Restate the data below word for word, and let no image into your version.

— Collected material —
------------------------------------------------
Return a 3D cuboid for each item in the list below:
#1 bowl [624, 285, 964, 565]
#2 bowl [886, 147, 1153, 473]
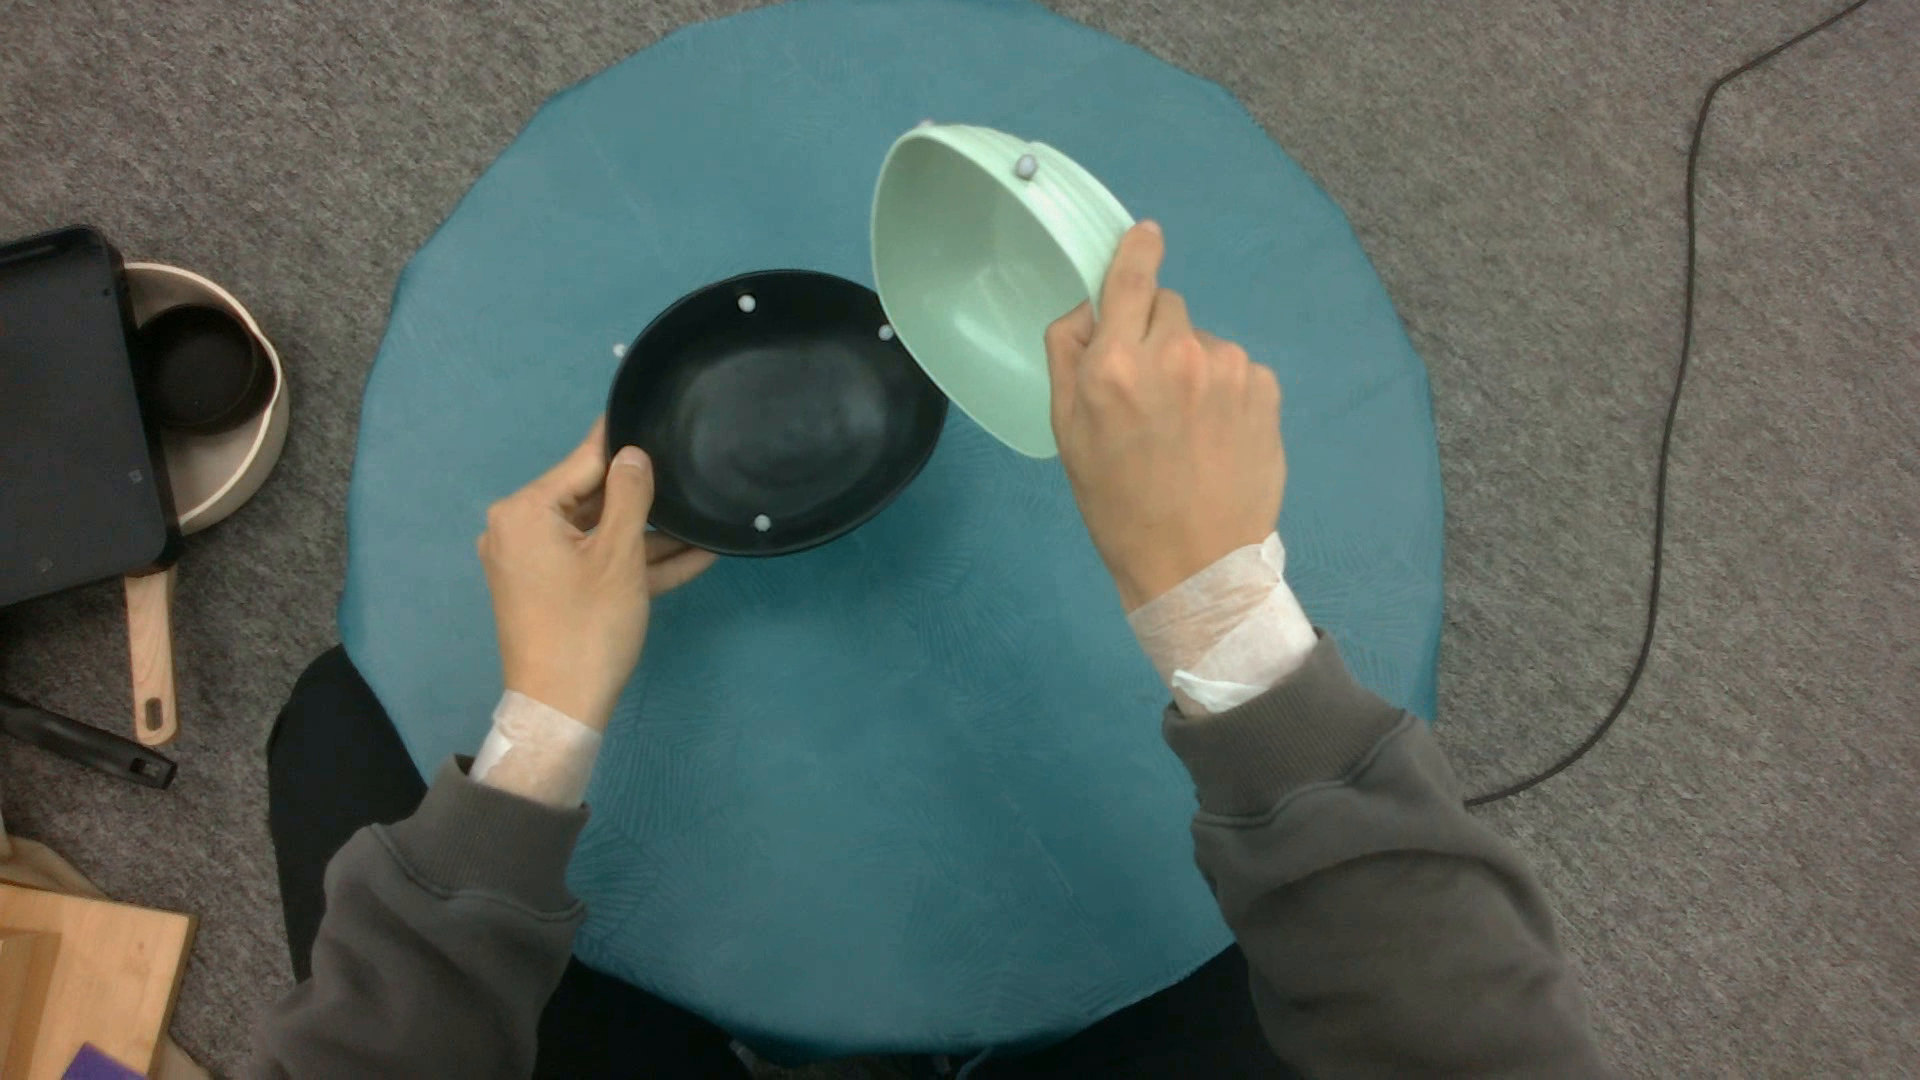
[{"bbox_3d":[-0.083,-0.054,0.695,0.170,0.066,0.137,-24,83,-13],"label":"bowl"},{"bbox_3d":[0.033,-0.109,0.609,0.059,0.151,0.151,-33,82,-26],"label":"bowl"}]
------------------------------------------------
— Your response —
Return a 3D cuboid for each item in the list below:
#1 bowl [624, 285, 964, 565]
#2 bowl [886, 147, 1153, 473]
[{"bbox_3d":[-0.083,-0.054,0.695,0.170,0.066,0.137,-24,83,-13],"label":"bowl"},{"bbox_3d":[0.033,-0.109,0.609,0.059,0.151,0.151,-33,82,-26],"label":"bowl"}]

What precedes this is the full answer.